TASK INPUTS:
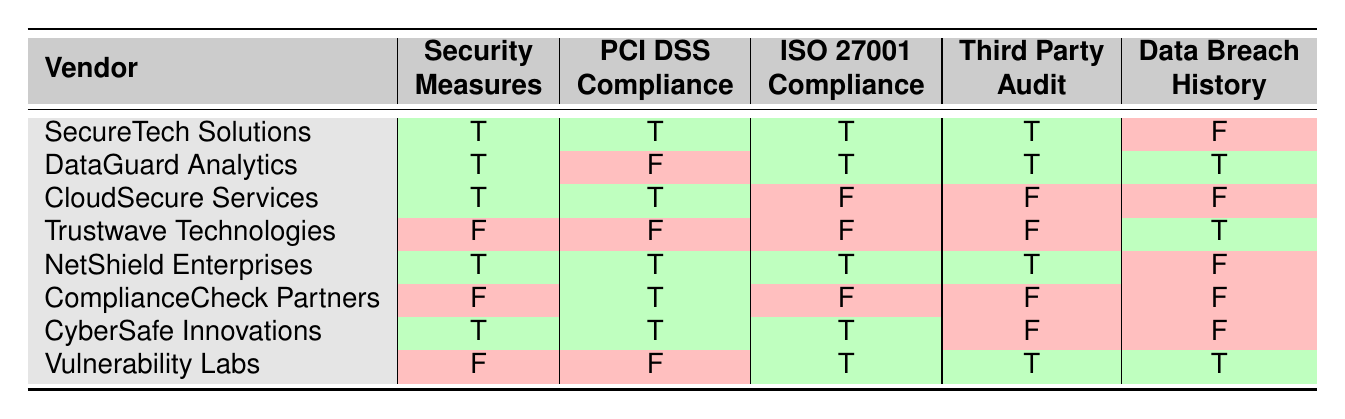What is the PCI DSS compliance status of SecureTech Solutions? The table indicates that SecureTech Solutions has a PCI DSS compliance status marked as true (T).
Answer: true How many vendors have completed a third-party audit? By reviewing the table, we can count the vendors with the third-party audit status marked as true (T). The vendors are SecureTech Solutions, DataGuard Analytics, NetShield Enterprises, and CyberSafe Innovations, totaling four vendors.
Answer: 4 Which vendor has a data breach history marked as true (T) and has implemented security measures? Looking at the table, DataGuard Analytics is the only vendor that has a data breach history marked as true (T) while also having security measures implemented marked as true (T).
Answer: DataGuard Analytics What is the average compliance status (true or false) for ISO 27001 among the listed vendors? There are eight vendors in total. The ISO 27001 compliance is true (T) for SecureTech Solutions, DataGuard Analytics, Vulnerability Labs, CyberSafe Innovations, and false (F) for CloudSecure Services, Trustwave Technologies, and ComplianceCheck Partners, totaling five true and three false. When calculating the average, it is five true out of eight vendors. Therefore, the average status leans towards true.
Answer: true Is there any vendor that has not implemented security measures but has PCI DSS compliance? The table shows ComplianceCheck Partners as the only vendor that has not implemented security measures but has PCI DSS compliance marked as true (T).
Answer: yes How many vendors have both PCI DSS and ISO 27001 compliance status marked as true? The vendors with both PCI DSS and ISO 27001 compliance marked as true (T) based on the table are SecureTech Solutions, NetShield Enterprises, and CyberSafe Innovations, totaling three vendors.
Answer: 3 Which vendor with a data breach history has implemented security measures? The table reveals that DataGuard Analytics is the vendor with a data breach history marked as true (T) and has security measures implemented marked as true (T).
Answer: DataGuard Analytics Which vendor has the best security profile as evidenced by all positive statuses (true) in the table? Examining the table, SecureTech Solutions and NetShield Enterprises both hold a completely positive status (true for all criteria), making them the vendors with the best security profile.
Answer: SecureTech Solutions and NetShield Enterprises What percentage of vendors have undergone a third-party audit? Out of eight vendors, four have undergone a third-party audit (marked as true). To find the percentage, we use the formula (4/8) * 100 = 50%.
Answer: 50% 
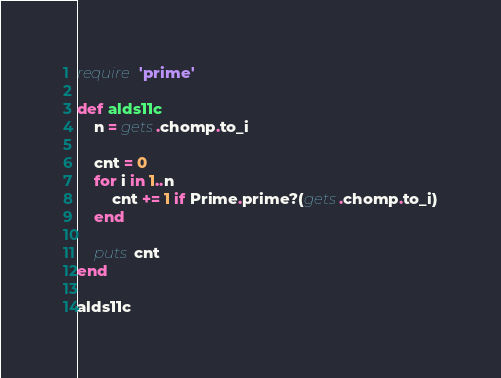<code> <loc_0><loc_0><loc_500><loc_500><_Ruby_>require 'prime'

def alds11c
    n = gets.chomp.to_i

    cnt = 0
    for i in 1..n
        cnt += 1 if Prime.prime?(gets.chomp.to_i)
    end

    puts cnt
end

alds11c

</code>

WHAT YOU ARE ASKED TO DO: Reproduce the material in its entirety and word for word, without the pictures.

EXERCISE RESULT:
What is the PCI DSS compliance status of SecureTech Solutions? The table indicates that SecureTech Solutions has a PCI DSS compliance status marked as true (T).
Answer: true How many vendors have completed a third-party audit? By reviewing the table, we can count the vendors with the third-party audit status marked as true (T). The vendors are SecureTech Solutions, DataGuard Analytics, NetShield Enterprises, and CyberSafe Innovations, totaling four vendors.
Answer: 4 Which vendor has a data breach history marked as true (T) and has implemented security measures? Looking at the table, DataGuard Analytics is the only vendor that has a data breach history marked as true (T) while also having security measures implemented marked as true (T).
Answer: DataGuard Analytics What is the average compliance status (true or false) for ISO 27001 among the listed vendors? There are eight vendors in total. The ISO 27001 compliance is true (T) for SecureTech Solutions, DataGuard Analytics, Vulnerability Labs, CyberSafe Innovations, and false (F) for CloudSecure Services, Trustwave Technologies, and ComplianceCheck Partners, totaling five true and three false. When calculating the average, it is five true out of eight vendors. Therefore, the average status leans towards true.
Answer: true Is there any vendor that has not implemented security measures but has PCI DSS compliance? The table shows ComplianceCheck Partners as the only vendor that has not implemented security measures but has PCI DSS compliance marked as true (T).
Answer: yes How many vendors have both PCI DSS and ISO 27001 compliance status marked as true? The vendors with both PCI DSS and ISO 27001 compliance marked as true (T) based on the table are SecureTech Solutions, NetShield Enterprises, and CyberSafe Innovations, totaling three vendors.
Answer: 3 Which vendor with a data breach history has implemented security measures? The table reveals that DataGuard Analytics is the vendor with a data breach history marked as true (T) and has security measures implemented marked as true (T).
Answer: DataGuard Analytics Which vendor has the best security profile as evidenced by all positive statuses (true) in the table? Examining the table, SecureTech Solutions and NetShield Enterprises both hold a completely positive status (true for all criteria), making them the vendors with the best security profile.
Answer: SecureTech Solutions and NetShield Enterprises What percentage of vendors have undergone a third-party audit? Out of eight vendors, four have undergone a third-party audit (marked as true). To find the percentage, we use the formula (4/8) * 100 = 50%.
Answer: 50% 
<code> <loc_0><loc_0><loc_500><loc_500><_Ruby_>require 'prime'

def alds11c
    n = gets.chomp.to_i

    cnt = 0
    for i in 1..n
        cnt += 1 if Prime.prime?(gets.chomp.to_i)
    end

    puts cnt
end

alds11c

</code>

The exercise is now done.